Please take a moment to review this document in order to make the contribution process easy and effective for everyone involved.

Following these guidelines helps to communicate that you respect the time of the developers managing and developing this open source project. In return, they should reciprocate that respect in addressing your issue or assessing patches and features.

Using the issue tracker

The issue tracker is the preferred channel for bug reports, features requests and submitting pull requests, but please respect the following restrictions:

  • Please do not use the issue tracker for personal support requests (use our igraph support forum).

  • Please do not derail or troll issues. Keep the discussion on topic and respect the opinions of others.

Please also take a look at our tips on writing igraph code before getting your hands dirty.

Bug reports

A bug is a demonstrable problem that is caused by the code in the repository. Good bug reports are extremely helpful - thank you!

Guidelines for bug reports:

  1. Make sure that the bug is in the C code of igraph and not in one of the higher level interfaces — if you are using igraph from R, Python or Mathematica, consider submitting your issue in igraph/rigraph, igraph/python-igraph or szhorvat/IGraphM instead. If you are unsure whether your issue is in the C layer, submit a bug report in the repository of the higher level interface — we will transfer the issue here if it indeed affects the C layer.

  2. Use the GitHub issue search — check if the issue has already been reported.

  3. Check if the issue has been fixed — try to reproduce it using the latest master or development branch in the repository.

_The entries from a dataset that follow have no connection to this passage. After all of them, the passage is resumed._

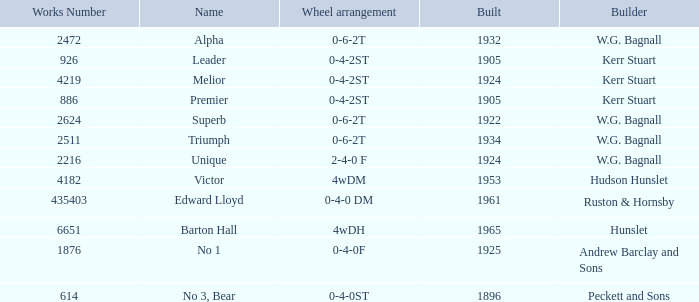What is the work number for Victor? 4182.0. 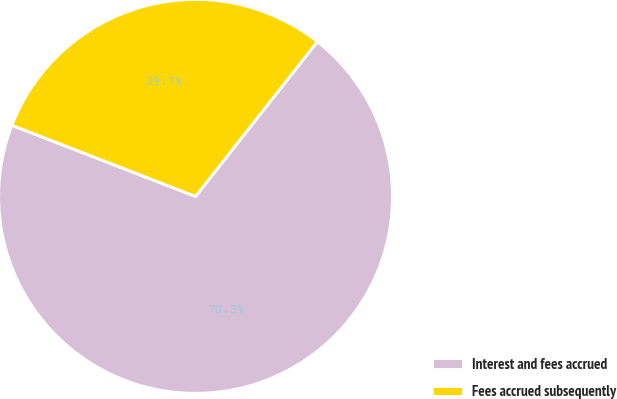<chart> <loc_0><loc_0><loc_500><loc_500><pie_chart><fcel>Interest and fees accrued<fcel>Fees accrued subsequently<nl><fcel>70.27%<fcel>29.73%<nl></chart> 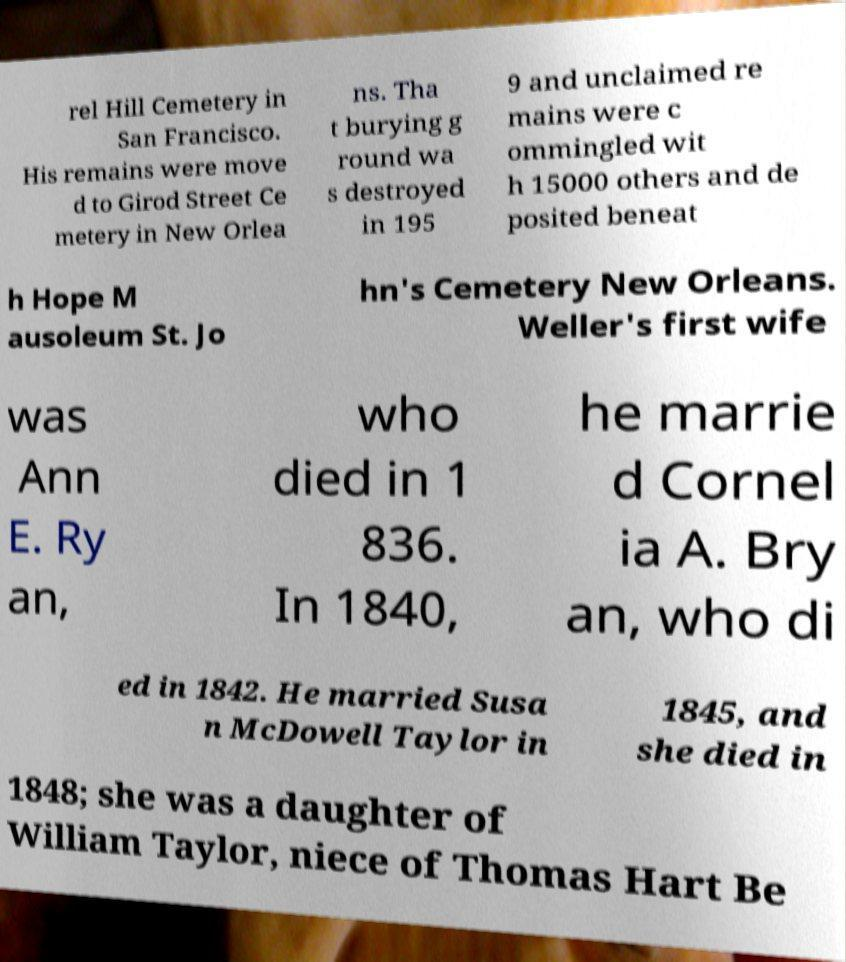Can you accurately transcribe the text from the provided image for me? rel Hill Cemetery in San Francisco. His remains were move d to Girod Street Ce metery in New Orlea ns. Tha t burying g round wa s destroyed in 195 9 and unclaimed re mains were c ommingled wit h 15000 others and de posited beneat h Hope M ausoleum St. Jo hn's Cemetery New Orleans. Weller's first wife was Ann E. Ry an, who died in 1 836. In 1840, he marrie d Cornel ia A. Bry an, who di ed in 1842. He married Susa n McDowell Taylor in 1845, and she died in 1848; she was a daughter of William Taylor, niece of Thomas Hart Be

  4. Isolate the problem — create a short, self-contained, correct example.

A good bug report shouldn't leave others needing to chase you up for more information. Please try to be as detailed as possible in your report. What is your environment? What steps will reproduce the issue? What would you expect to be the outcome? All these details will help people to fix any potential bugs.

Example:

Short and descriptive example bug report title

A summary of the issue and the compiler/OS environment in which it occurs. If suitable, include the steps required to reproduce the bug.

  1. This is the first step
  2. This is the second step
  3. Further steps, etc.

<url> - a link to the reduced test case

Any other information you want to share that is relevant to the issue being reported. This might include the lines of code that you have identified as causing the bug, and potential solutions (and your opinions on their merits).

Feature requests

Feature requests are welcome. But take a moment to find out whether your idea fits with the scope and aims of the project. It's up to you to make a strong case to convince the project's developers of the merits of this feature. Please provide as much detail and context as possible.

Pull requests

Good pull requests - patches, improvements, new features - are a fantastic help. They should remain focused in scope and avoid containing unrelated commits.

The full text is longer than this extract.